Given information -
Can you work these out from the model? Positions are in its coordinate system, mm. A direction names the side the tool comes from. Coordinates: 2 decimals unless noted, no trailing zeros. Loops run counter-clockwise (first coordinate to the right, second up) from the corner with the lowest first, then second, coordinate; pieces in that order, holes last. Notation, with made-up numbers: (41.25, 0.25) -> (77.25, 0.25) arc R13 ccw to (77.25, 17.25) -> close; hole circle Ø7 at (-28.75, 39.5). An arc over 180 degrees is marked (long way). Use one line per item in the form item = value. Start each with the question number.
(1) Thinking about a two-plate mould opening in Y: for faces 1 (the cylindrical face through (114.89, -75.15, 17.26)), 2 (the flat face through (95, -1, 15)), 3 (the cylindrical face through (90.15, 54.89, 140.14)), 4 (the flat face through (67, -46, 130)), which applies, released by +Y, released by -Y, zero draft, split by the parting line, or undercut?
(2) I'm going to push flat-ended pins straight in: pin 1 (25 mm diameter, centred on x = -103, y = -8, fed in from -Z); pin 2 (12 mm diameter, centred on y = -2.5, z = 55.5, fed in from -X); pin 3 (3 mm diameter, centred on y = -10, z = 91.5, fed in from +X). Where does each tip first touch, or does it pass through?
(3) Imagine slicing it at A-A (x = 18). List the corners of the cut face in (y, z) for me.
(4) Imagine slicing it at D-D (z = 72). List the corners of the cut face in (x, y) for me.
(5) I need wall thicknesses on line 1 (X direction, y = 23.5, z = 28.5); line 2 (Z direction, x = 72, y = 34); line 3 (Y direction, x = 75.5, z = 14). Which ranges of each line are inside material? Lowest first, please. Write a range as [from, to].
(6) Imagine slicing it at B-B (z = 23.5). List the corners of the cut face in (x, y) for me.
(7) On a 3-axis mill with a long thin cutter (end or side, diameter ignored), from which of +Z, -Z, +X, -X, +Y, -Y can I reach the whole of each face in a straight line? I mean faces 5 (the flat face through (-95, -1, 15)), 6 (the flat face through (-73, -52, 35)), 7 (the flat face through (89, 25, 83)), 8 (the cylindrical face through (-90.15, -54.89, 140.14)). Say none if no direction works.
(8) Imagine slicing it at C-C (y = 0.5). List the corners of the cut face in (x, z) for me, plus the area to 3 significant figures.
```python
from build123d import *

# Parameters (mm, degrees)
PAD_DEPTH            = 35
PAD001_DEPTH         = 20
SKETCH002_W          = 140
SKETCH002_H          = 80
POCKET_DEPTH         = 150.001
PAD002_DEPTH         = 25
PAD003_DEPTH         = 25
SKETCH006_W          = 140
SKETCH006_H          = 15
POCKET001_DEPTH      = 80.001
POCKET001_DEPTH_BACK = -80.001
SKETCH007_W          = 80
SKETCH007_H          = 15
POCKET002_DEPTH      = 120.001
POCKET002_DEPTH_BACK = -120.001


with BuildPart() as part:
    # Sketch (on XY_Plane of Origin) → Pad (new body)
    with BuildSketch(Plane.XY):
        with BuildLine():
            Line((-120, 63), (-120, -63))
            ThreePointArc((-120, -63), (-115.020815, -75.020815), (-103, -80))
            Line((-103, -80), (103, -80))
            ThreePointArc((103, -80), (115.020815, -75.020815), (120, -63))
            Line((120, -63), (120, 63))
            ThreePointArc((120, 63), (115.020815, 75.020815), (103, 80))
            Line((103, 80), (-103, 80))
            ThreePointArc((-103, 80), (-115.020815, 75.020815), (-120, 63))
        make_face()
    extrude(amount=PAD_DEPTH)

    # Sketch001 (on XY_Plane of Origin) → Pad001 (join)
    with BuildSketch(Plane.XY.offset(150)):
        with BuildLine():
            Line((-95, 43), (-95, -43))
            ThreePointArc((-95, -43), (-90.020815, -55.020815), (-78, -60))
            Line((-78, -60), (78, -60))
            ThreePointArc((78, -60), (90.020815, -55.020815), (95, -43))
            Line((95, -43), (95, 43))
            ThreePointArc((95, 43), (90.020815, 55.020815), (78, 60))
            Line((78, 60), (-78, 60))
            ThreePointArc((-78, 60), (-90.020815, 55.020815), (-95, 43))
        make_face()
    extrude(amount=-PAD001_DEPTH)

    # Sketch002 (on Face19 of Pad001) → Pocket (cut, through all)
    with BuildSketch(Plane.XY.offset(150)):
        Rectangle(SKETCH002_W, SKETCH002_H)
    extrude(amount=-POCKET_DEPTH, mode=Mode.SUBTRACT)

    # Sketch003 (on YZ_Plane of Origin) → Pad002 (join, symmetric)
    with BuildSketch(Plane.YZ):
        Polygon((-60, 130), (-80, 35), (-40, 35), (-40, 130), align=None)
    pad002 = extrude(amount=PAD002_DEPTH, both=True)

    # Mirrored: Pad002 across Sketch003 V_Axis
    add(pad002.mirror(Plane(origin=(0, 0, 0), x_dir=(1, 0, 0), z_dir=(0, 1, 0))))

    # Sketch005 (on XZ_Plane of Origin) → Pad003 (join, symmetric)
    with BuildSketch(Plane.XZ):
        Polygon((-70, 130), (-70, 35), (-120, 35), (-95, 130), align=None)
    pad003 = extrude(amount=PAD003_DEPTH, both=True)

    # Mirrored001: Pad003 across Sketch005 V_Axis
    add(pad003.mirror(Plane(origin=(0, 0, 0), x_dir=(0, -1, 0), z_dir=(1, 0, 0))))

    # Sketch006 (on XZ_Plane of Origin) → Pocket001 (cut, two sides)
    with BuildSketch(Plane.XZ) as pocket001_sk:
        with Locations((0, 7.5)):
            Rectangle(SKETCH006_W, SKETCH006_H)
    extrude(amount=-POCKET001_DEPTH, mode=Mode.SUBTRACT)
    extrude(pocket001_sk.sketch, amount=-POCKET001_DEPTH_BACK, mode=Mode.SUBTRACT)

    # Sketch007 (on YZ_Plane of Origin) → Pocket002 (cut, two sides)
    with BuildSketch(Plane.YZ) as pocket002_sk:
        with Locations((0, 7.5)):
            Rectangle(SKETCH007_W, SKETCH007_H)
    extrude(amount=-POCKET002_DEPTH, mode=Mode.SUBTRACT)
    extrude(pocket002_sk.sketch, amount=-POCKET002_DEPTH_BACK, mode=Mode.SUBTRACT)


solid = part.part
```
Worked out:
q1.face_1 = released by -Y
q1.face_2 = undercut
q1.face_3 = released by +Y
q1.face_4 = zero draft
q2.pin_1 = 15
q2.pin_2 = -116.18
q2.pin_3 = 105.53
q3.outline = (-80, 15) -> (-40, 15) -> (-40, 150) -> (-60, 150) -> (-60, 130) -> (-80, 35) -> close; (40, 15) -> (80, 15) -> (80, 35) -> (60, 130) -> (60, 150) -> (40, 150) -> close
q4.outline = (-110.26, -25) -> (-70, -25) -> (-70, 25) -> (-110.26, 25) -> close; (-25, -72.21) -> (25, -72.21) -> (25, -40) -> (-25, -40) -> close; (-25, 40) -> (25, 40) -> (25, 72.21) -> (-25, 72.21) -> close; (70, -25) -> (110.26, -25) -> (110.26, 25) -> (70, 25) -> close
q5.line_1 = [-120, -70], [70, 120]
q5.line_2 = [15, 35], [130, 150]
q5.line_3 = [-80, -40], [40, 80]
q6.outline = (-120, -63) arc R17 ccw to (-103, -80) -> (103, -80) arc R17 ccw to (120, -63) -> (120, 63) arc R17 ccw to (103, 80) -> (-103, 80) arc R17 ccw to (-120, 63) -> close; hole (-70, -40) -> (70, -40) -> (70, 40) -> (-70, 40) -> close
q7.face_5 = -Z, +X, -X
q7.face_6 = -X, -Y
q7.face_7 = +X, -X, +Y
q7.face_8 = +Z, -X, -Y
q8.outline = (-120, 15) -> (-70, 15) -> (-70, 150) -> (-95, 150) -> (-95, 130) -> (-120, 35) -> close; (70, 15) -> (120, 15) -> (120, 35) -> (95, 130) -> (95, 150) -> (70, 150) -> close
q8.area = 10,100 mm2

What to work on -
The answer is each line from the entries above in which the word "join" occurs.

Solution to this exercise -
    # Sketch001 (on XY_Plane of Origin) → Pad001 (join)
    # Sketch003 (on YZ_Plane of Origin) → Pad002 (join, symmetric)
    # Sketch005 (on XZ_Plane of Origin) → Pad003 (join, symmetric)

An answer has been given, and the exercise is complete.